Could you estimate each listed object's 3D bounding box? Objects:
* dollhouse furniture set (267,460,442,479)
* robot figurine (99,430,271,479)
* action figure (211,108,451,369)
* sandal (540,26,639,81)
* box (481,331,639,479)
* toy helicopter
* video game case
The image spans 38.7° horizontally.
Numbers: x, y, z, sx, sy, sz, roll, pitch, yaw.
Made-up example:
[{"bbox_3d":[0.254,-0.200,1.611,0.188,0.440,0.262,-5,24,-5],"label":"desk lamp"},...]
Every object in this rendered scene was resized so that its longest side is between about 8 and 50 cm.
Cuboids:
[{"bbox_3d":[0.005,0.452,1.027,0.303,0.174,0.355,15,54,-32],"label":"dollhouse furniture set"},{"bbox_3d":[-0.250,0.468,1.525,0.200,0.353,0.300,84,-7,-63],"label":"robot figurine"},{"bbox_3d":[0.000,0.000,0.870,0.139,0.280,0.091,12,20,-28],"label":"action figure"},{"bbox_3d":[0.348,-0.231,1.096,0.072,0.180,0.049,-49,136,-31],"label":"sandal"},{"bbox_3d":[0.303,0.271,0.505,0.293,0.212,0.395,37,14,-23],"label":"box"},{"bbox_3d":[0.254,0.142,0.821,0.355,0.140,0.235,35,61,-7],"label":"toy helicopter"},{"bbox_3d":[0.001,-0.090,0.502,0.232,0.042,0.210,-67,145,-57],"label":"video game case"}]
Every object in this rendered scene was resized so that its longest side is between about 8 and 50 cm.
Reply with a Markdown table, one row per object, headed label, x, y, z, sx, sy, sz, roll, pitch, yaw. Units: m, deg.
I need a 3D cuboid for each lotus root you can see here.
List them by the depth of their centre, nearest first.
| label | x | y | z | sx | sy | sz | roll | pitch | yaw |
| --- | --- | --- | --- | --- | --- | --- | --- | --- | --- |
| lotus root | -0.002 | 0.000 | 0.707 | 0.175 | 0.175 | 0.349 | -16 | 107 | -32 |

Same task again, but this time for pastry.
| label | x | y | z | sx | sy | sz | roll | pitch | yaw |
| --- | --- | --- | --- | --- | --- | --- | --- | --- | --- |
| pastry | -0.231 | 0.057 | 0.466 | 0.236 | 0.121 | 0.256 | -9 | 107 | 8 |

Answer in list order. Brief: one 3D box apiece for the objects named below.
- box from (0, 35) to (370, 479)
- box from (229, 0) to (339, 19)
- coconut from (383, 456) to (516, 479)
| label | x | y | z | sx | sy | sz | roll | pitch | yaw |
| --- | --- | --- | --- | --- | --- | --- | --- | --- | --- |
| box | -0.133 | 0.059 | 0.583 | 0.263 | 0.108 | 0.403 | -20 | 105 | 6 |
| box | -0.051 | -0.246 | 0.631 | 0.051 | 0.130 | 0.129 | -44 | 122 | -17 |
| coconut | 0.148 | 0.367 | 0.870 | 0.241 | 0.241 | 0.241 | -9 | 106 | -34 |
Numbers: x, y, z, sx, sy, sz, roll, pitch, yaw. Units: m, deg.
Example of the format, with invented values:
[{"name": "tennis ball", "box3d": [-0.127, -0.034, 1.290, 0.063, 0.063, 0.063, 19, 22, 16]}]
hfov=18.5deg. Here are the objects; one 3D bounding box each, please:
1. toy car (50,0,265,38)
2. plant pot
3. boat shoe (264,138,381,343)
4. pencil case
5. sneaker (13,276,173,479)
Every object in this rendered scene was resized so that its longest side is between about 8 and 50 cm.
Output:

==*==

Print each entry exactly as it was written.

Could you estimate each listed object's 3D bounding box? Objects:
* dollhouse furniture set (267,460,442,479)
* robot figurine (99,430,271,479)
* action figure (211,108,451,369)
* sandal (540,26,639,81)
* box (481,331,639,479)
* toy helicopter
* video game case
The image spans 38.7° horizontally.
Numbers: x, y, z, sx, sy, sz, roll, pitch, yaw.
Made-up example:
[{"bbox_3d":[0.254,-0.200,1.611,0.188,0.440,0.262,-5,24,-5],"label":"desk lamp"},...]
Every object in this rendered scene was resized so that its longest side is between about 8 and 50 cm.
Cuboids:
[{"bbox_3d":[0.005,0.452,1.027,0.303,0.174,0.355,15,54,-32],"label":"dollhouse furniture set"},{"bbox_3d":[-0.250,0.468,1.525,0.200,0.353,0.300,84,-7,-63],"label":"robot figurine"},{"bbox_3d":[0.000,0.000,0.870,0.139,0.280,0.091,12,20,-28],"label":"action figure"},{"bbox_3d":[0.348,-0.231,1.096,0.072,0.180,0.049,-49,136,-31],"label":"sandal"},{"bbox_3d":[0.303,0.271,0.505,0.293,0.212,0.395,37,14,-23],"label":"box"},{"bbox_3d":[0.254,0.142,0.821,0.355,0.140,0.235,35,61,-7],"label":"toy helicopter"},{"bbox_3d":[0.001,-0.090,0.502,0.232,0.042,0.210,-67,145,-57],"label":"video game case"}]
Every object in this rendered scene was resized so that its longest side is between about 8 and 50 cm.
Reply with a Markdown table, one row per object, headed label, x, y, z, sx, sy, sz, roll, pitch, yaw. Units: m, deg.
I need a 3D cuboid for each lotus root you can see here.
List them by the depth of their centre, nearest first.
| label | x | y | z | sx | sy | sz | roll | pitch | yaw |
| --- | --- | --- | --- | --- | --- | --- | --- | --- | --- |
| lotus root | -0.002 | 0.000 | 0.707 | 0.175 | 0.175 | 0.349 | -16 | 107 | -32 |

Same task again, but this time for pastry.
| label | x | y | z | sx | sy | sz | roll | pitch | yaw |
| --- | --- | --- | --- | --- | --- | --- | --- | --- | --- |
| pastry | -0.231 | 0.057 | 0.466 | 0.236 | 0.121 | 0.256 | -9 | 107 | 8 |

Answer in list order. Brief: one 3D box apiece for the objects named below.
- box from (0, 35) to (370, 479)
- box from (229, 0) to (339, 19)
- coconut from (383, 456) to (516, 479)
| label | x | y | z | sx | sy | sz | roll | pitch | yaw |
| --- | --- | --- | --- | --- | --- | --- | --- | --- | --- |
| box | -0.133 | 0.059 | 0.583 | 0.263 | 0.108 | 0.403 | -20 | 105 | 6 |
| box | -0.051 | -0.246 | 0.631 | 0.051 | 0.130 | 0.129 | -44 | 122 | -17 |
| coconut | 0.148 | 0.367 | 0.870 | 0.241 | 0.241 | 0.241 | -9 | 106 | -34 |
Numbers: x, y, z, sx, sy, sz, roll, pitch, yaw. Units: m, deg.
Example of the format, with invented values:
[{"name": "tennis ball", "box3d": [-0.127, -0.034, 1.290, 0.063, 0.063, 0.063, 19, 22, 16]}]
hfov=18.5deg. Here are the objects; one 3D bounding box each, please:
1. toy car (50,0,265,38)
2. plant pot
3. boat shoe (264,138,381,343)
4. pencil case
5. sneaker (13,276,173,479)
Every object in this rendered scene was resized so that its longest side is between about 8 and 50 cm.
Output:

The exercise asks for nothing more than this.